The applicant nowhere suggests
that because the youngest child, who is four years old, is
traumatised he should be placed in
the care of the applicant pending
an enquiry as to whether he should be permitted to relocate to East
London and be placed in
the care of the respondent. That is not the
basis upon which the application is made.
This court is concerned
only with what is in the best interests of the minor children. It
must however be accepted that the break-up
of a family home or
changes to schools and relocation to another city are all factors
which undoubtedly can, and more often than
not will, induce anxiety
and emotional turmoil in young children. In circumstances such as
these where the parties have become
divorced and their life
circumstances are such that they will pursue careers in different
cities some impact on the children
cannot be avoided. It can only
be hoped that the parties themselves will approach those
circumstances with a measure of maturity
and sensitivity and that
they will make every effort to minimise the most traumatic aspects
of such circumstances for the children.
Where they haven’t
done so, and do not appear resolute to do so, this court will be
astute to avoid compounding the anxiety
and insecurity that the
children may experience by intervening in circumstances where such
intervention is not warranted or where
the form of such intervention
will itself give rise to further emotional turmoil. In my view to
grant the relief sought by the
applicant, even in its amended form,
would do nothing other than to compound an already difficult
situation for the minor children
and will exacerbate the insecurity
that they currently face.
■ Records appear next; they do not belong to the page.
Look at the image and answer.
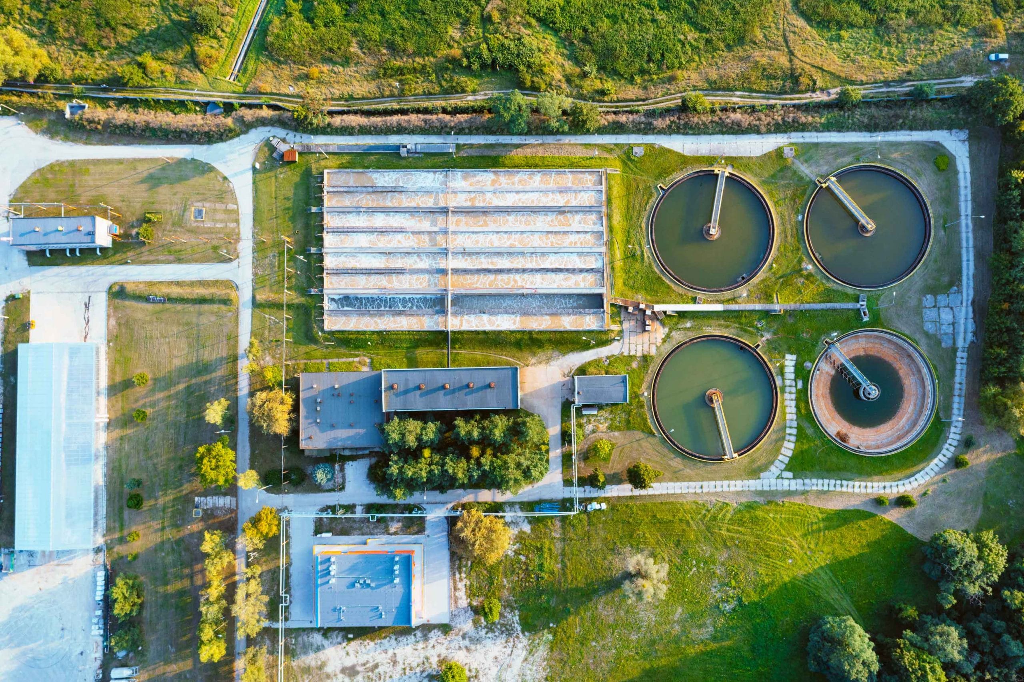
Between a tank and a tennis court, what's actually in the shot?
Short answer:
tank
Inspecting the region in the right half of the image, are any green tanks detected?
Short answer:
Yes
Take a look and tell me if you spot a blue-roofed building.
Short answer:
Yes
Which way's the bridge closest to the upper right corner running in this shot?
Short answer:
diagonally
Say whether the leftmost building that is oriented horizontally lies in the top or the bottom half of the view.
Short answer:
top
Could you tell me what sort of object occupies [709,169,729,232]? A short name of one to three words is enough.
bridge
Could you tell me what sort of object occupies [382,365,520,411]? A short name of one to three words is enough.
building
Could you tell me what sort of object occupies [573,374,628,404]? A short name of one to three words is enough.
building
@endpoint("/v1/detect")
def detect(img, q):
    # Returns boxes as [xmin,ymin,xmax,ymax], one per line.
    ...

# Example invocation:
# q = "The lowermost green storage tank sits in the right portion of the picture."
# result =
[651,334,779,462]
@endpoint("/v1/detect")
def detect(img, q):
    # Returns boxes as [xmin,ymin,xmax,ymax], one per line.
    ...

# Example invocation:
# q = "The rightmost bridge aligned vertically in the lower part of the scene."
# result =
[710,394,738,461]
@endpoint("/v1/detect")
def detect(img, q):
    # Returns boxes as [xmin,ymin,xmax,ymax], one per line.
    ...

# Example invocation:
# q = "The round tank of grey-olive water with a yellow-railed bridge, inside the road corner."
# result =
[804,163,932,290]
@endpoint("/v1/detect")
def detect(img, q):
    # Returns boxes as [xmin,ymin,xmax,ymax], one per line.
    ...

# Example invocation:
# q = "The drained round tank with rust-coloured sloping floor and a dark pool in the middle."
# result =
[808,328,937,456]
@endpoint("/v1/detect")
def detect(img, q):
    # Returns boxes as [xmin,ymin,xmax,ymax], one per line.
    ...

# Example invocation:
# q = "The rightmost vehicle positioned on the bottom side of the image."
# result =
[586,502,608,514]
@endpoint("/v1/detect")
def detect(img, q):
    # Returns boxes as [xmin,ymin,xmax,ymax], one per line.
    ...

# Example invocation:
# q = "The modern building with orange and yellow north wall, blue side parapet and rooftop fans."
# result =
[316,549,418,629]
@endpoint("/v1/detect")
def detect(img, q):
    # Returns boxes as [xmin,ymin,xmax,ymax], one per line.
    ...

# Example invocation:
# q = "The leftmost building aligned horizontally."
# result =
[0,216,113,257]
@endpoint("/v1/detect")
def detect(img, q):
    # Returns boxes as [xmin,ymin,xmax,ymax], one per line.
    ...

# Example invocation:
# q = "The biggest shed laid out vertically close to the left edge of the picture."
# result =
[16,343,118,551]
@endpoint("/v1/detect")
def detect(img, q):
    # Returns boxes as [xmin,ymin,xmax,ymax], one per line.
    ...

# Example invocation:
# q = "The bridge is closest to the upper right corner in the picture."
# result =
[821,174,873,232]
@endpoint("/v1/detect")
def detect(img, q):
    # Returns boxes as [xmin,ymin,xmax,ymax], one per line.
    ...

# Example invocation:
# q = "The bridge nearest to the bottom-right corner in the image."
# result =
[827,340,875,395]

In the circumstances to grant such relief
would not be in the best
interests of the minor children.
In the result the
applicant’s application cannot succeed. In respect of costs
it was argued by the respondent that the
costs should follow the
result. The applicant in contrast submitted that in the light of
the respondent’s high-handed
handling of the relocation, the
fact that she acted in breach of the terms of the agreement
concluded at the stage of the divorce
and in the light of the
respondent’s rebuffing of attempts to mediate the dispute in
December that even if the applicant
is unsuccessful the respondent
should be ordered to pay the costs of the application. Whilst it
does appear that the respondent
may have acted in a somewhat
high-handed manner in the relocation of the children to East London,
I cannot lose sight of the
fact that the relief sought was doomed
from the outset. Dr Smale had indicated the time frames which would
apply to the investigation
and those time frames rendered it
impossible to come to a resolution before the commencement of the
school academic year, a factor
which brought into play a range of
considerations not adequately or properly addressed in the
applicant’s papers.
An award of costs is
always in the discretion of the court, and such discretion is to be
exercised having regard to circumstances
in which the application is
brought as well as the subject matter of the dispute. Although I am
mindful of the fact that the
interests of minor children animated
the decision to bring the application I am nevertheless of the view
that the ordinary rule
in respect of costs, namely that they follow
the result, should apply.
In the result I make the
following order:
The application is
dismissed with costs.
__________________________
G GOOSEN
JUDGE OF THE HIGH
COURT
APPEARANCES
:
FOR APPLICANT
: Mr
B Dyke, instructed by
Kaplan Blumberg
Attorneys
FOR RESPONDENT
: Mr
N Mullins, instructed by
Cecil Kerbel
Attorneys
1
It is common cause that the two older children attended St.
Dominic’s Priory during 2012 and that the youngest child
attended the Montessori Pre-Primary at Brylin Primary School.